WHAT IS EXPECTED:
Each line below from the one containing "- cup (85,320,160,415)" through the one containing "- cup (318,247,429,366)" should be output exactly as it stands, and no other line should appear.
▼
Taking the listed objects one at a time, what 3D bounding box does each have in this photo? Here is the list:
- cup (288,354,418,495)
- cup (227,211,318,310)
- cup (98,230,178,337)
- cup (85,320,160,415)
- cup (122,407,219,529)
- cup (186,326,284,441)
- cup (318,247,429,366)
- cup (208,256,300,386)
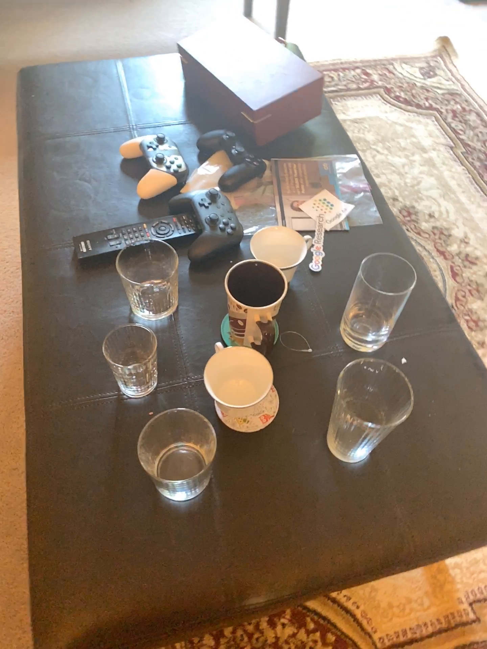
[{"bbox_3d":[0.128,0.134,0.635,0.090,0.189,0.090,2,56,-3],"label":"cup"},{"bbox_3d":[0.045,-0.104,0.805,0.090,0.080,0.110,38,62,19],"label":"cup"},{"bbox_3d":[-0.158,-0.060,0.755,0.090,0.120,0.090,2,56,-3],"label":"cup"},{"bbox_3d":[-0.163,0.060,0.679,0.070,0.100,0.070,2,56,-3],"label":"cup"},{"bbox_3d":[-0.088,0.179,0.613,0.090,0.120,0.090,2,56,-3],"label":"cup"},{"bbox_3d":[-0.015,0.078,0.662,0.090,0.070,0.110,-17,59,-15],"label":"cup"},{"bbox_3d":[0.180,-0.022,0.719,0.090,0.139,0.090,2,56,-3],"label":"cup"},{"bbox_3d":[0.008,-0.004,0.720,0.090,0.120,0.131,-11,58,-11],"label":"cup"}]
▲
TASK SOLUTION:
- cup (85,320,160,415)
- cup (122,407,219,529)
- cup (186,326,284,441)
- cup (318,247,429,366)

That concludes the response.